In sixth grade I was placed in the honors program at my school. They called us gifted, but I believe it was more along the lines of showing boredom in the classroom so they wanted to push us harder. I appreciate that looking back as it ignited within me a deeper longing to discover more about who I was as a person.
One part of the honors curriculum was preparing to take the PSAT and learning 500 words and their definitions. These were SAT-level words which we had to know multiple definitions for, their correct spelling as well as their use in language. It was an arduous task but one that I thrived in completing. It’s in my genes, having a mother who transcribed for doctors for more than 45 years. I was fascinated with meanings and usages of words.

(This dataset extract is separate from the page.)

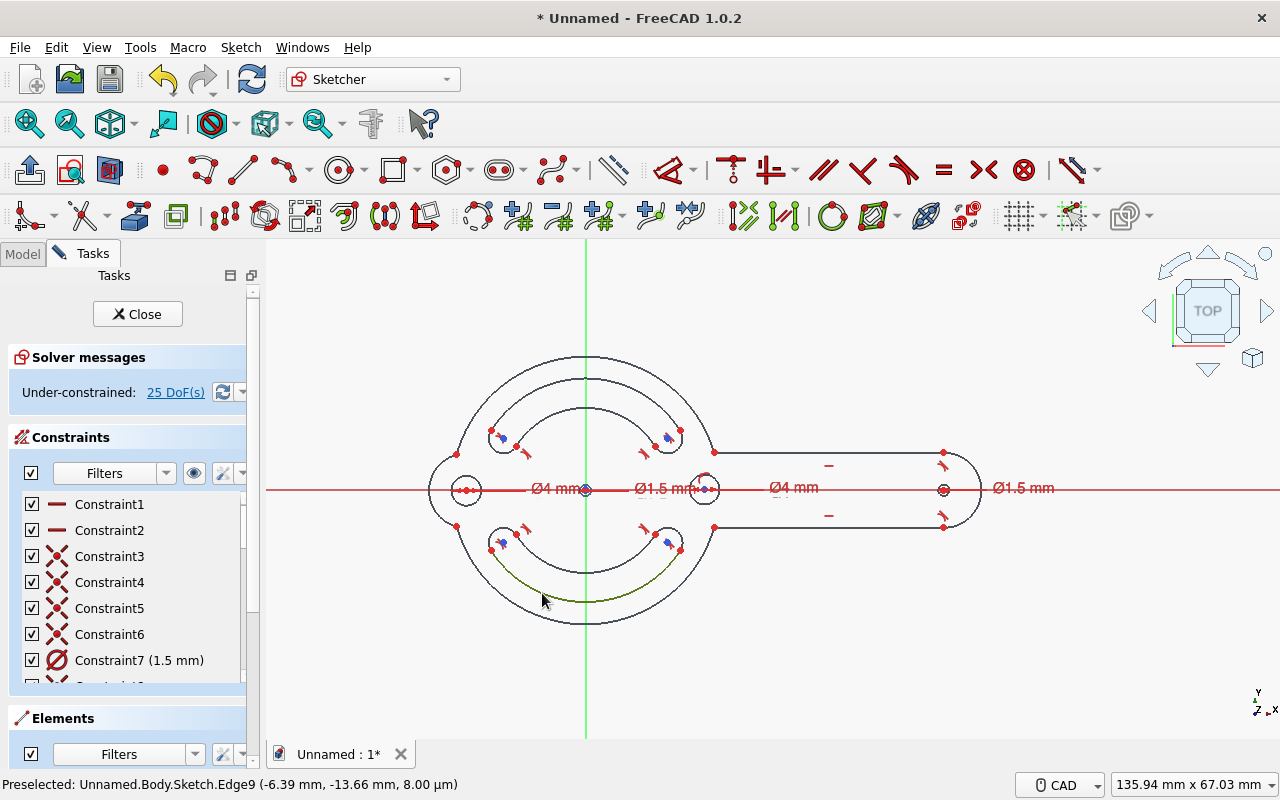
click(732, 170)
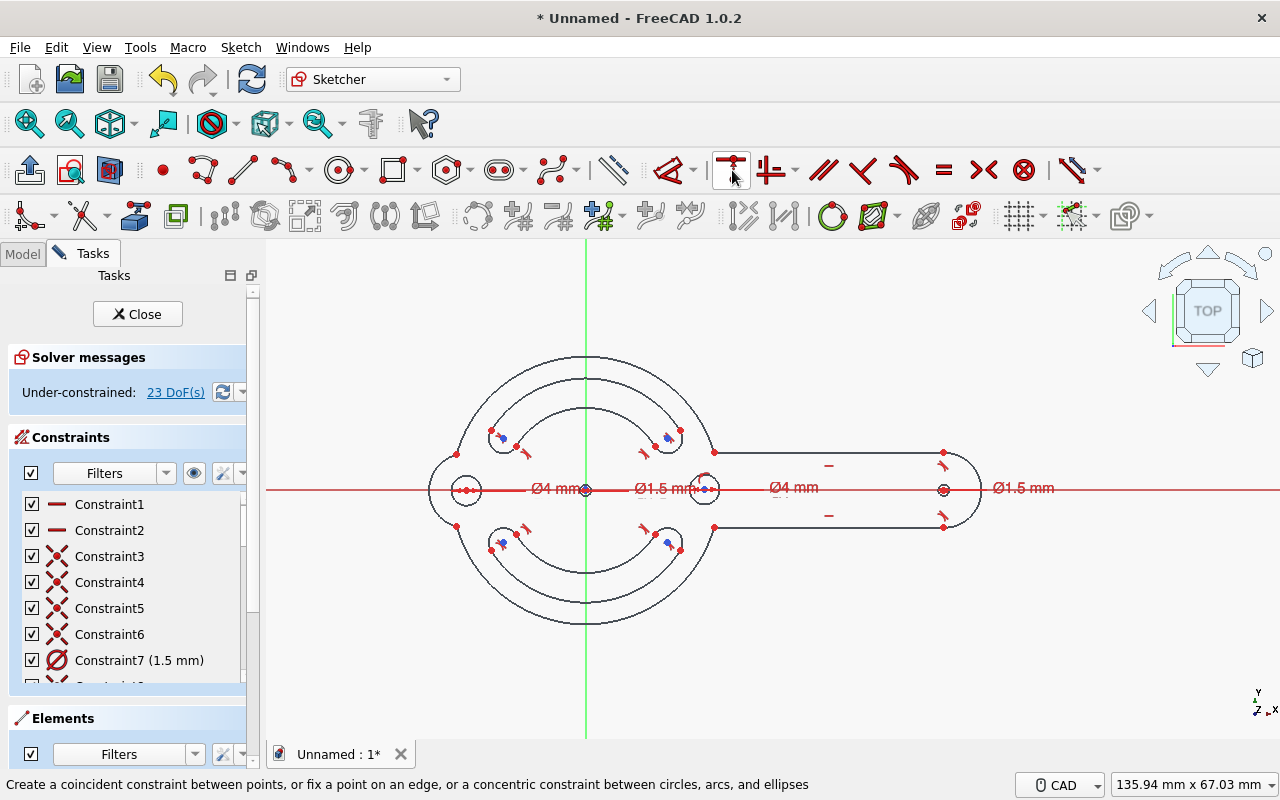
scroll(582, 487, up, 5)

I learned through that process one word can have an array of meanings, especially in context and usage. For many of us we try to make one word define us entirely, putting us in a box or living into one conformed meaning. In reality our lives, who we are and what we are created to be requires multiple words that have complex definitions and applications.
I used to let the term SINGLE put me in a box. I used to let it define me by how others interpreted it, wrote on it, used it and applied it. Quickly I was living their definition of SINGLE and not my own. I let it tell me that being SINGLE meant I was constantly kept from enjoying life. That I was to commit to long hours at my job. That I was to pine away and be okay with missing out on things because of my marital status.

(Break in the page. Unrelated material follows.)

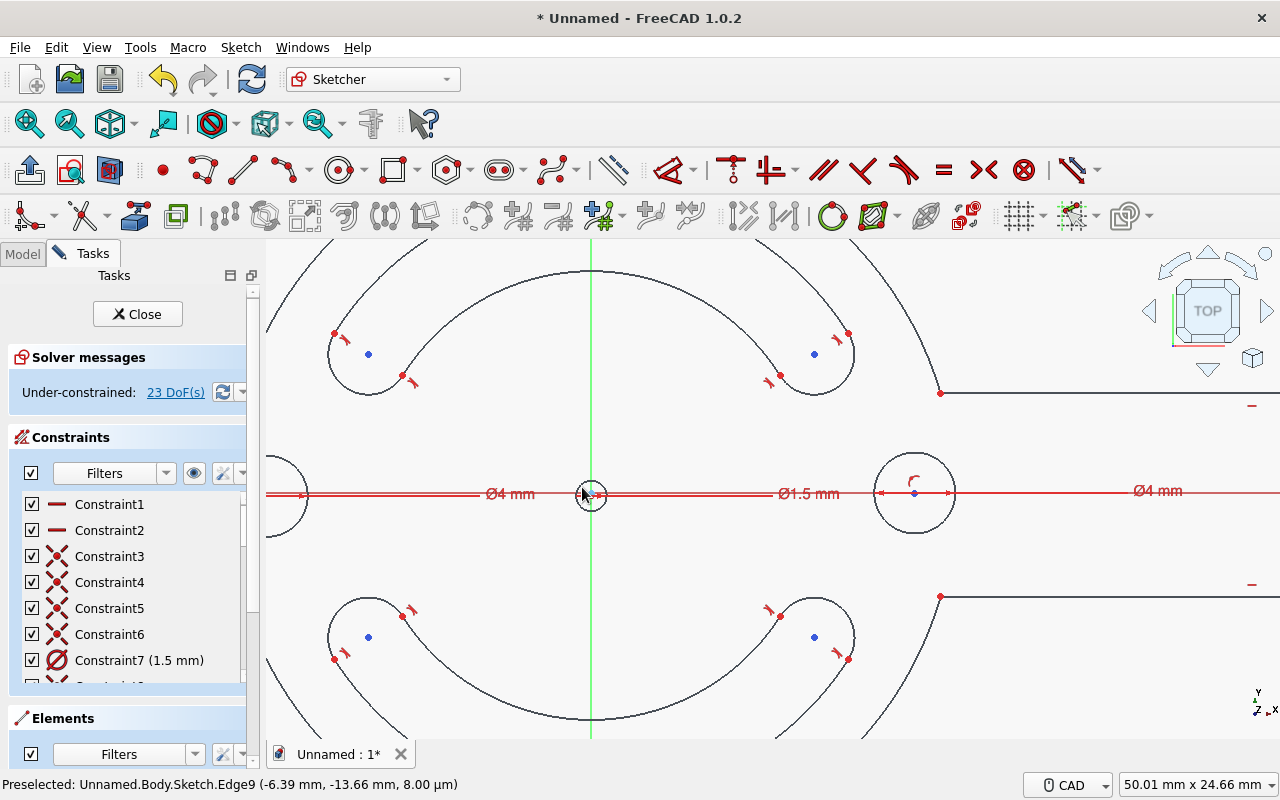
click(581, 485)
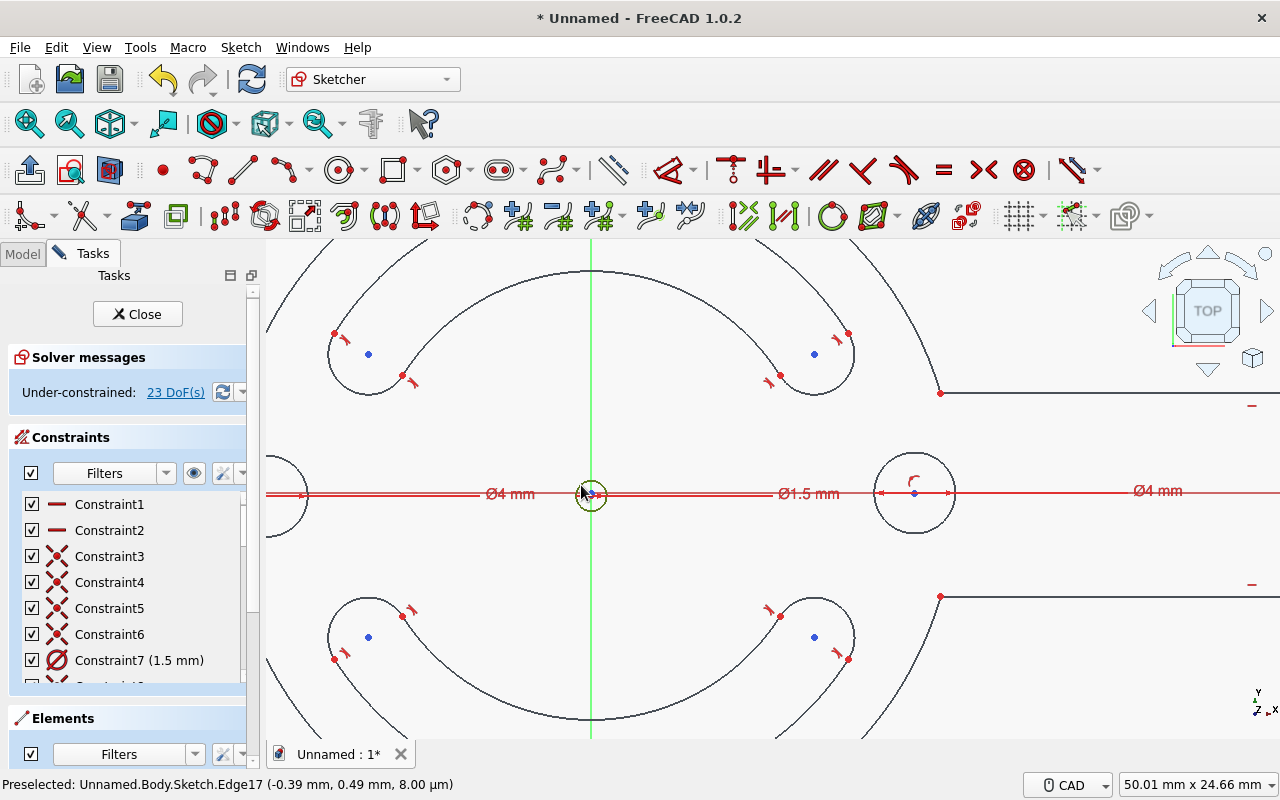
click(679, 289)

My marital status does not define me. Not solely. It is in fact way down on the descriptors of who I am, what I am, the person I am living into and desire to be. There’s been a dramatic shift in my perceptions and my living when I stopped allowing others define me (in so many ways beyond just the one I am touching on here). Most importantly I realized that SINGLE isn’t a means of defiance on relationships, nor is it a stigma to be attached to a person, nor is it a binding agent segregating a population of individuals to be “lesser than” others who are not SINGLE.
For me when I now mark SINGLE in boxes the definition is more in tune with the verb form use of the word for me: choosing someone from a group for special treatment. It is not a definition of me. Of the person I am. It is an action. Because for me, and what I hope is true for you too, is that we stop being defined and start defining. We put action to our lives, to our words, to our hearts. We reinvent the definitions that have locked us in, kept us out, or shamed us into a box.
May we start living out what we desire for our lives, what we were created to be…only then can we decide what words define us.